In 1985 ASAM’s first certification exam was announced. According to Dr. Bean-Bayog, chair of the Credentialing Committee, “a lot of people in the alcoholism field have long wanted physicians in the field to have a high level of skills and scientific credibility and for this body of knowledge to be accredited.”2 And in 1986 662 physicians took the first ASAM Certification Exam.
By 1988 membership was over 2,800 with 1,275 of these physicians “certified” as “having demonstrated knowledge and expertise in alcoholism and other drug dependencies commensurate with the standards set forth by the society.”3 “The formation of State Chapters began with California, Florida, Georgia, and Maryland submitting requests.4
In 1988 the AMA House of Delegates voted to admit ASAM to the House. According to ASAM News this “legitimizes the society within the halls of organized medicine.”2
By 1993 ASAM had a membership of 3,500 with a total of 2,619certifications in Addiction Medicine. The Membership Campaign Task Force sets a goal to double its membership of 3,500 to 7,000 by the year 2000 to assure “the future of treatment for patients with chemicals. It represents a blueprint for establishing addiction medicine as a viable entity.”5
Many of these physicians joined state PHPs and over time have taken over under the umbrella of the FSPHP.

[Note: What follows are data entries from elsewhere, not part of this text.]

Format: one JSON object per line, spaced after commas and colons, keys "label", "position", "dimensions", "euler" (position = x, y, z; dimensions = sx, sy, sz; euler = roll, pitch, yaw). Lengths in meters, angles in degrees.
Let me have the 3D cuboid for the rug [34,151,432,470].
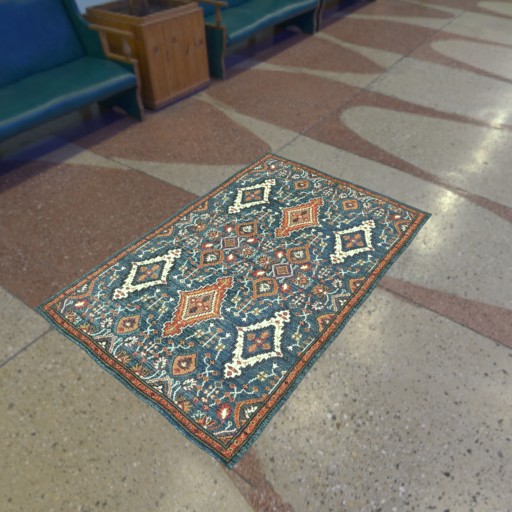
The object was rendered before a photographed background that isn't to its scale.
{"label": "rug", "position": [0.000, 0.000, 4.230], "dimensions": [2.190, 0.008, 3.371], "euler": [28, 49, 27]}
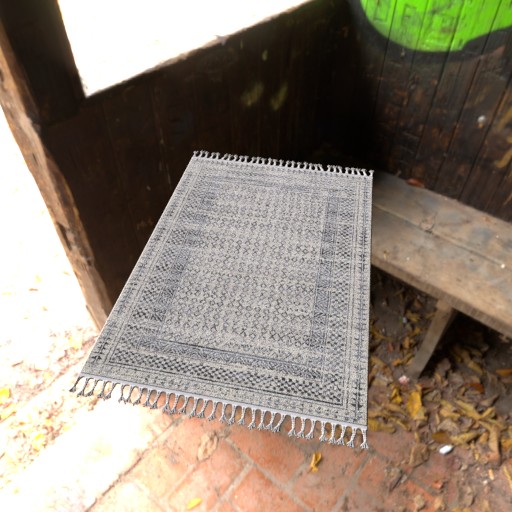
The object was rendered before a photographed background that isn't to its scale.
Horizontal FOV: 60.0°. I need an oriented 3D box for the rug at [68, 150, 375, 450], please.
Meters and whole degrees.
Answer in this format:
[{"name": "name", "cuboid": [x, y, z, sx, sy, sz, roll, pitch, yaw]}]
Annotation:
[{"name": "rug", "cuboid": [0.000, 0.000, 2.385, 1.243, 0.013, 1.872, 8, 46, 8]}]
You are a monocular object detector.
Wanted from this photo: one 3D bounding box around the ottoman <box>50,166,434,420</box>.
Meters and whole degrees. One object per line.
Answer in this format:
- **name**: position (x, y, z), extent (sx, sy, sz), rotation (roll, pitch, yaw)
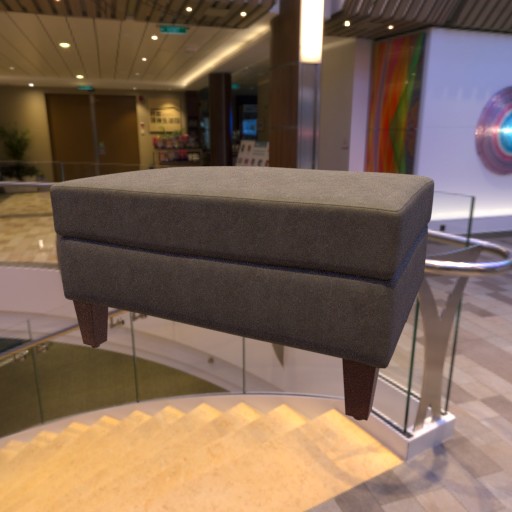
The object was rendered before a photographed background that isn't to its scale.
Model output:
- **ottoman**: position (0.000, 0.000, 1.222), extent (0.839, 0.464, 0.639), rotation (7, 17, 25)
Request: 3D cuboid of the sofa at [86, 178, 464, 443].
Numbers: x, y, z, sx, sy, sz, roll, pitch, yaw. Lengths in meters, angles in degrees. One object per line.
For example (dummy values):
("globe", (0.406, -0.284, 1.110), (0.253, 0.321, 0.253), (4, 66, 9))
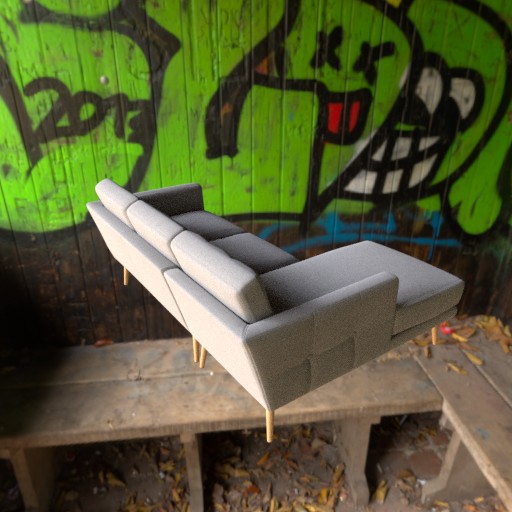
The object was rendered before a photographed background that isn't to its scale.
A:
("sofa", (0.000, 0.000, 2.877), (1.530, 0.860, 2.040), (-17, 30, -32))
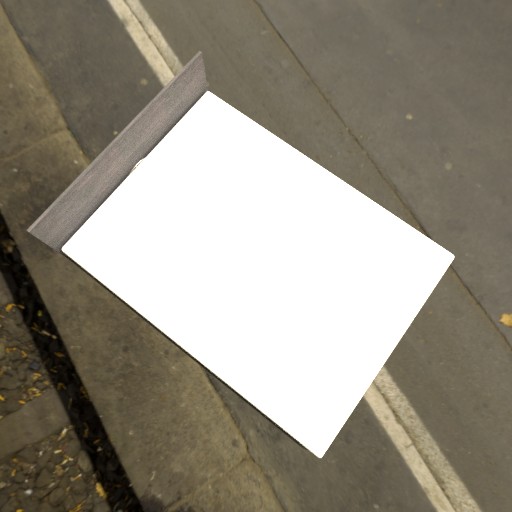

Others became medical directors of treatment centers such as Hazelden, Marworth and Talbott.
- The sick physician. Impairment by psychiatric disorders, including alcoholism and drug dependence. JAMA : the journal of the American Medical Association. Feb 5 1973;223(6):684-687.
- Four Decades of ASAM. ASAM News. March-April 1994, 1994.
- . American Medical Society on Alcoholism & Other Drug Dependencies Newsletter. Vol III. New York, NY: AMSAODD; 1988:12.
- . AMSAODD News. Vol III. New York, NY: American Medical Society on Alcoholism & Other Drug Dependencies; 1988.
- Membership Campaign Update. ASAM News. Vol VIII: American Society of Addiction Medicine; 1993:11.